A while back I posted an appreciation of Adam Gopnik, who writes with grace and humor on just about everything. (Slightly earlier, I had posted Babbling Babes, which referred to his sister’s work on infant language. It’s GopnikWorld here at languagehat.) Having finally gotten around to the Sept. 30 New Yorker (it’s tough keeping up with all the periodicals), I just finished his “Bumping into Mr. Ravioli” and had to write another paean. This piece starts off as a charming description of his daughter’s imaginary playmate:
My daughter Olivia, who just turned three, has an imaginary friend whose name is Charlie Ravioli. Olivia is growing up in Manhattan, and so Charlie Ravioli has a lot of local traits: he lives in an apartment “on Madison and Lexington,” he dines on grilled chicken, fruit, and water, and, having reached the age of seven and a half, he feels, or is thought, “old.” But the most peculiarly local thing about Olivia’s imaginary playmate is this: he is always too busy to play with her….
On a good day, she “bumps into” her invisible friend and they go to a coffee shop. “I bumped into Charlie Ravioli,” she announces at dinner (after a day when, of course, she stayed home, played, had a nap, had lunch, paid a visit to the Central Park Zoo, and then had another nap). “We had coffee, but then he had to run.” She sighs, sometimes, at her inability to make their schedules mesh, but she accepts it as inevitable, just the way life is. “I bumped into Charlie Ravioli today,” she says. “He was working.” Then she adds brightly, “But we hopped into a taxi.” What happened then? we ask. “We grabbed lunch,” she says.
He and his wife are a little worried, and he consults his sister, the child psychologist. She says there’s nothing to worry about; “most under-sevens (sixty-three per cent, to be scientific) have an invisible friend, and children create their imaginary playmates not out of trauma but out of a serene sense of the possibilities of fiction.” (I was amazed by the 63% figure, by the way; why didn’t I have one?)

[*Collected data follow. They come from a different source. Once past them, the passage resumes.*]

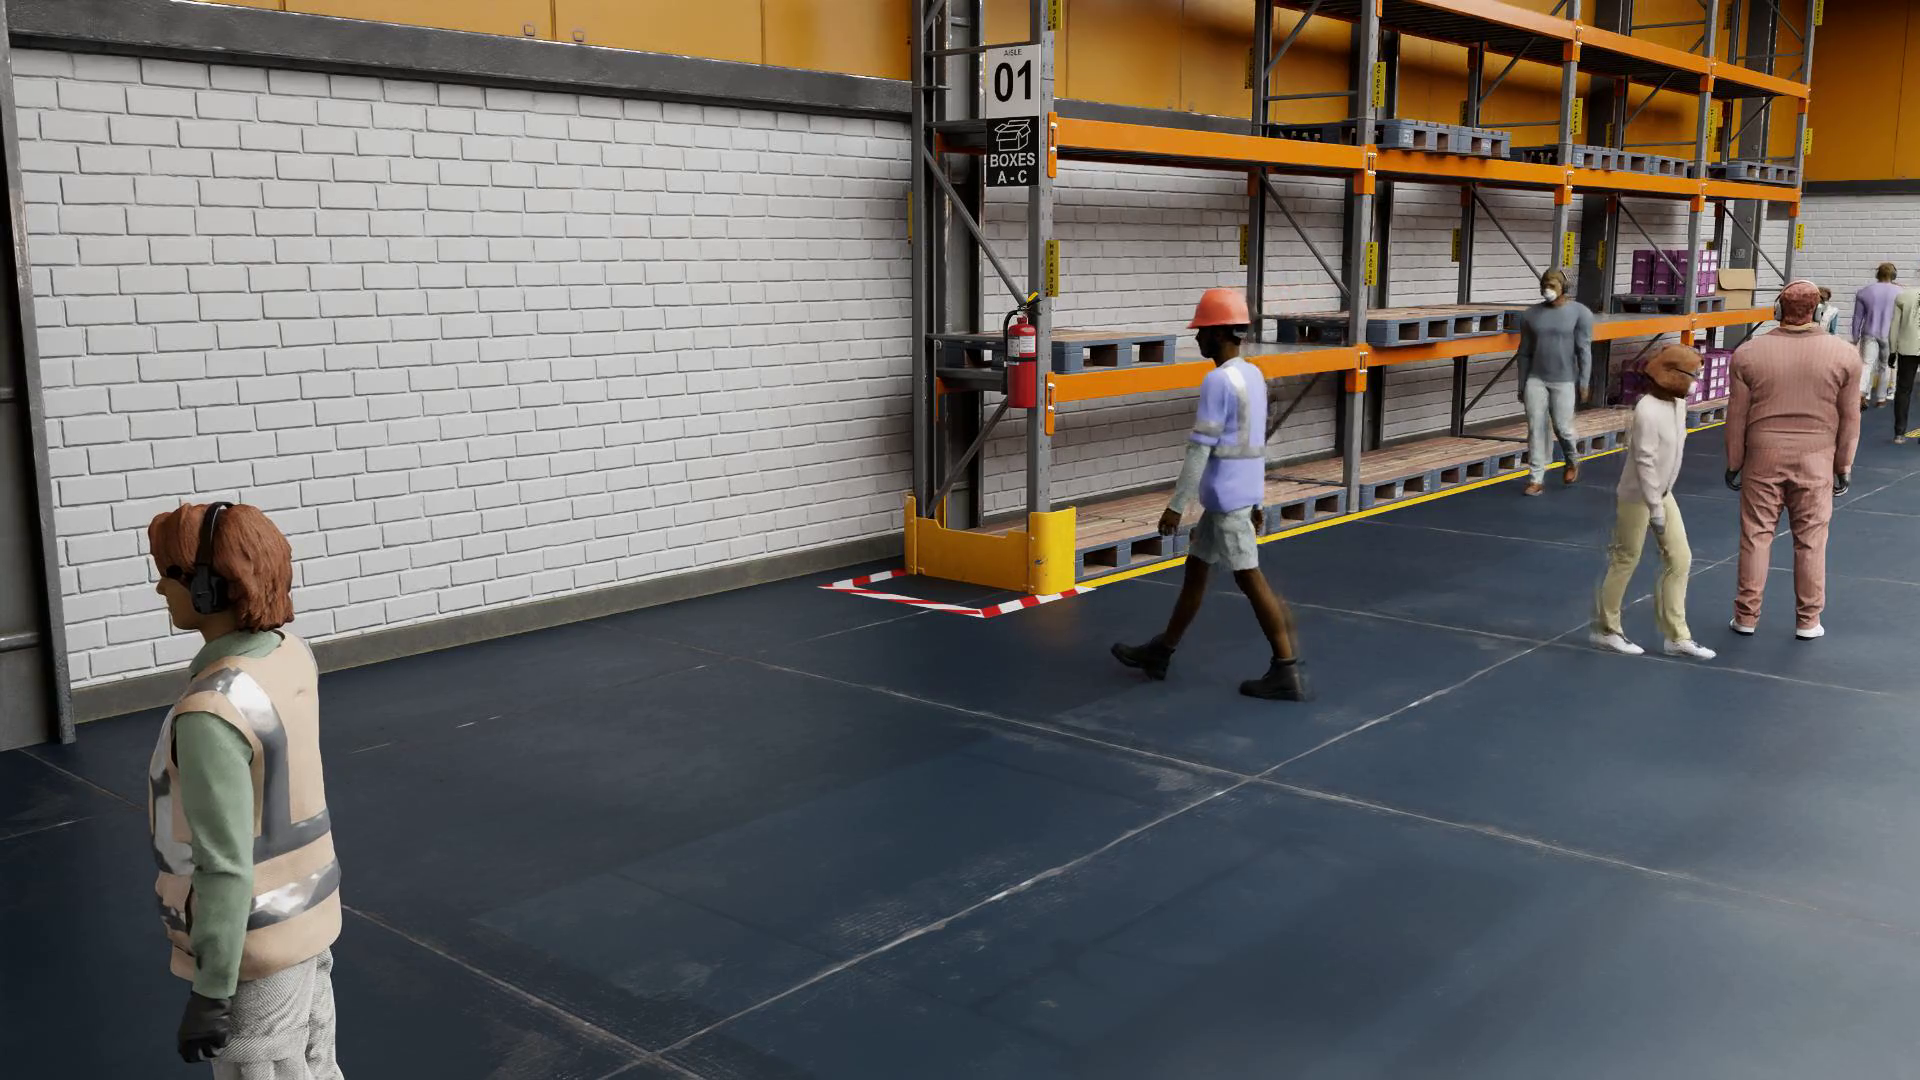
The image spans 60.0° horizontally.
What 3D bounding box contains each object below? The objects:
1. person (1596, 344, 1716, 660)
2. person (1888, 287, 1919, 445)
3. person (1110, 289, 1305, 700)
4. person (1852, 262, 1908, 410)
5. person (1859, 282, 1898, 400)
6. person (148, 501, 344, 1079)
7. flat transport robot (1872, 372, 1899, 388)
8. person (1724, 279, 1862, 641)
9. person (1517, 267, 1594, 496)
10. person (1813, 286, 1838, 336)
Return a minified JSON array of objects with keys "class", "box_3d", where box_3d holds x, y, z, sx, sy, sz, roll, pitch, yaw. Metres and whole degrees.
[{"class":"person","box_3d":[3.532,-0.180,8.331,0.520,1.595,0.689,-9,14,-42]},{"class":"person","box_3d":[10.151,-1.981,17.574,0.424,1.971,0.655,-9,13,-41]},{"class":"person","box_3d":[1.186,-0.210,7.724,0.988,1.885,0.564,4,11,24]},{"class":"person","box_3d":[11.798,-2.616,21.375,0.638,1.911,0.925,8,13,37]},{"class":"person","box_3d":[12.616,-2.716,22.729,0.542,1.622,0.333,5,11,27]},{"class":"person","box_3d":[-1.276,0.738,3.020,0.307,1.641,0.513,-2,10,-9]},{"class":"flat transport robot","box_3d":[13.250,-2.437,24.992,0.652,0.197,1.431,-9,13,-41]},{"class":"person","box_3d":[4.404,-0.420,8.843,0.643,1.913,0.410,5,11,25]},{"class":"person","box_3d":[5.020,-1.337,14.046,0.636,1.917,0.716,8,13,39]},{"class":"person","box_3d":[11.507,-2.647,22.468,0.531,1.584,0.889,3,10,15]}]
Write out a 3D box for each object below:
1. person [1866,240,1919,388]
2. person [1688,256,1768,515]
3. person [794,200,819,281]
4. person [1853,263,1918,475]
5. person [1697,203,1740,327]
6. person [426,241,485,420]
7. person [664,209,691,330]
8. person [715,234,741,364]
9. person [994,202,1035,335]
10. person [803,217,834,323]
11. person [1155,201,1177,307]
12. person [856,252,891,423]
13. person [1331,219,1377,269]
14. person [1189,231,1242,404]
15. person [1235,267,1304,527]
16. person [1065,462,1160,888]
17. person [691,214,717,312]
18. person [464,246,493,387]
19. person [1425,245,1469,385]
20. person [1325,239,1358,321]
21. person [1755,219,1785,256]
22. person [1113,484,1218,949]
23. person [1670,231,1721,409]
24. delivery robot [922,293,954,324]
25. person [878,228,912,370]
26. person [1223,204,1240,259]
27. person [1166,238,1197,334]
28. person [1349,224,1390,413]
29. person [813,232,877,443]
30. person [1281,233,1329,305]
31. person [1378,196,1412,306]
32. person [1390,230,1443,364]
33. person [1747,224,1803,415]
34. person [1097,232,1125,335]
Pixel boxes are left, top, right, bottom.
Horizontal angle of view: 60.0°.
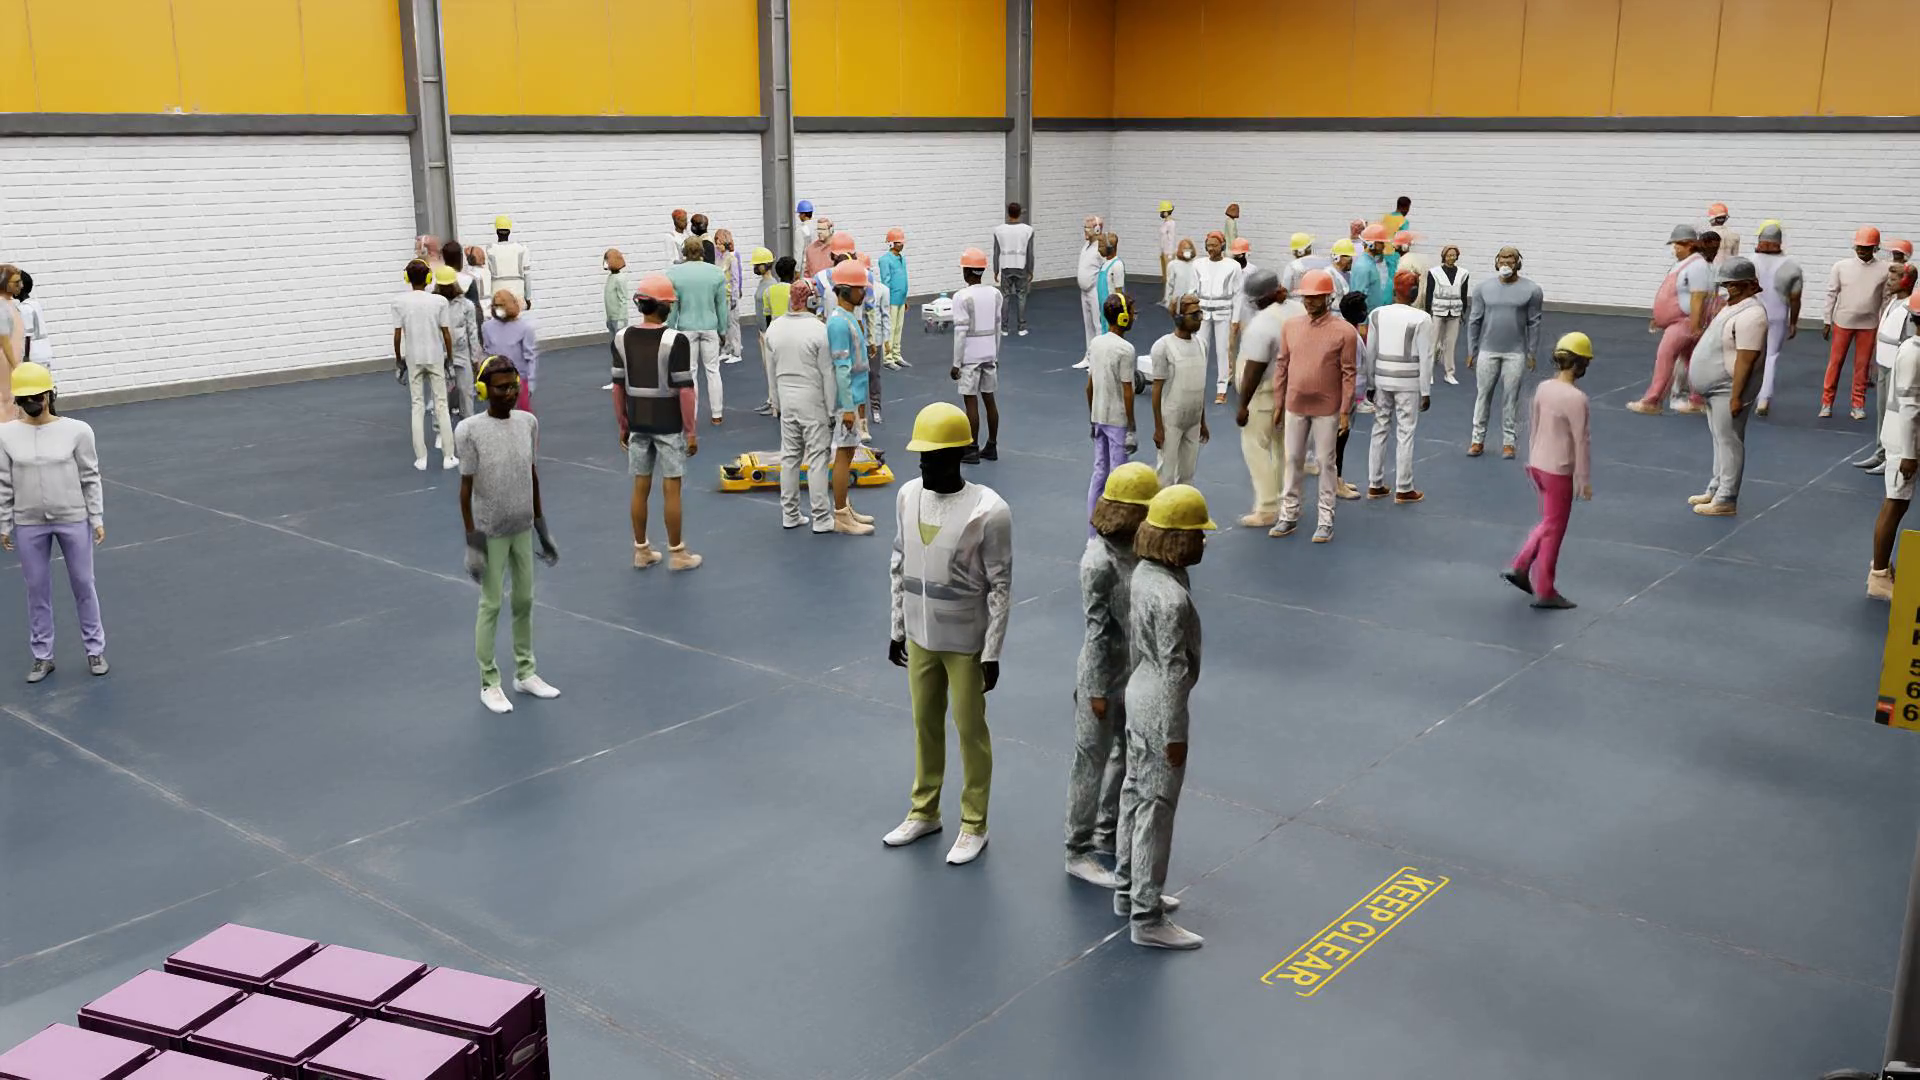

I paused. “I grasp that it’s normal for her to have an imaginary friend,” I said, “but have you ever heard of an imaginary friend who’s too busy to play with you?”
She thought about it. “No,” she said. “I’m sure that doesn’t occur anywhere in the research literature. That sounds completely New York.” And then she hung up.
From there he goes into a discussion of why modern urbanites in general, and New Yorkers in particular, are so busy all the time when their ancestors didn’t have the problem (“Pepys, master of His Majesty’s Navy, may never have complained of busyness, but Virginia Woolf, mistress of motionless lull, is continually complaining about how she spends her days racing across London…”), and segues back to the playmate (“Charlie Ravioli, in other words, was just another New Yorker: fit, opinionated, and trying to break into show business”). Then the story takes a turn that it would be churlish to reveal, but the last page is a touching little minidrama that many authors would have made a whole meal out of rather than just dessert—it reminds me of Mozart’s penchant for tossing in a couple of totally new melodies towards the end of a sonata-form movement when nobody expects him to do anything but restate the key he started in. Sorry, it’s not online, but it will be in his next collection. Buy it.
(Incidentally, a few pages after “Mr. Ravioli” there’s a cartoon showing a grumpy little boy lying in bed and his father, sitting on a stool with a book open in his hand, saying “It’s not about the story. It’s about Daddy taking time out of his busy day to read you the story.” Probably coincidental, but a nice juxtaposition.)
Update: The Gopnik piece “The Cooking Game” that I wrote about earlier is now online here.
Further update (Aug. 25, 2006): “Mr. Ravioli” is now available as a pdf file! (Scans of the original magazine pages, sometimes a bit hard to read, but far, far better than nothing.)